Kalau assessment pada masalah di atas dilakukan dengan sempurna, kebijakan netralitas tidak akan menghadapi polemik. Masyarakat tidak mungkin protes, jika kebijakan diambil dengan terlebih dahulu menjamin kesiapan struktural internal elitnya. Tidak mungkin akan kehilangan kepercayaan, jika Nyai Mahfudhoh Ali Ubaid (Dewan Pembina PP Muslimat NU), KH. Ali Masykur Musa (Ketua Umum PP ISNU), lebih dahulu dicutikan karena mendukung Paslon 02. Bahkan tidak akan ada warga NU Jawa Timur yang protes dipecatnya, KH. Marzuki Mustamar, sebagai PWNU, jika Eric Thohir sebagai pendukung resmi Prabowo-Gibran, sebelumnya tidak dilantik sebagai ketua Lakpesdam PBNU.
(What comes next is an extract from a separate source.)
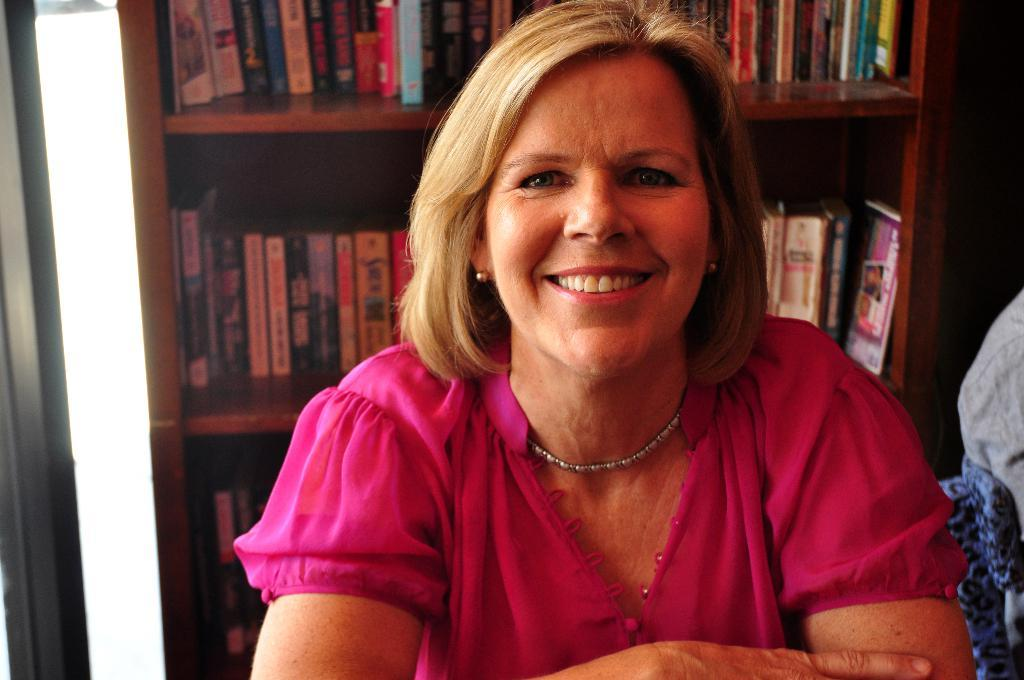Who is the main subject in the image? There is a woman in the image. Where is the woman located in the image? The woman is in the middle of the image. What is the woman wearing? The woman is wearing a pink dress. What expression does the woman have? The woman is smiling. What can be seen in the background of the image? There are books placed on a shelf in the background of the image. What type of coal is being used to heat the stove in the image? There is no stove or coal present in the image; it features a woman wearing a pink dress and smiling.

Usaha humoris PBNU yang hanya tampak “sok resolutif” demikian ini, tentu disayangkan seluruh pihak. Kebijakan netralitas tampak hanya alibi untuk lebih mempermahal pesona NU dalam transaksi politik. Semahal apapun pada akhirnya akan ada yang membeli. Tunggu saja, ketika telah ada kelompok politik yang sanggup membayarnya, netralitas akan berubah. Perubahannya tentu dengan dalil. Sebagai warga NU yang baik, mari tunggu dalil-dalil itu, kemudian kita jadikan sebagai perbedaan argumentatif. Nikmati perbedaan elit NU kita, sebagai dialektika dalil saja, tak usah bertengkar dan ikut campur pada masalah mereka. PBNU saat ini sebenarnya tidak mengajak berbaris. Jadi, cukuplah berbaris melalui kebudayaan lokal di daerah masing-masing saja. Minimal, kita tidak ikut bertengkar karena fanatisme kiai dan elit NU yang terjadi dewasa ini. Mari jaga pesona solidaritas masyarakat NU dari akar rumput, agar NU tetap seksi dan tak ternilai harganya sebagai primadona politik.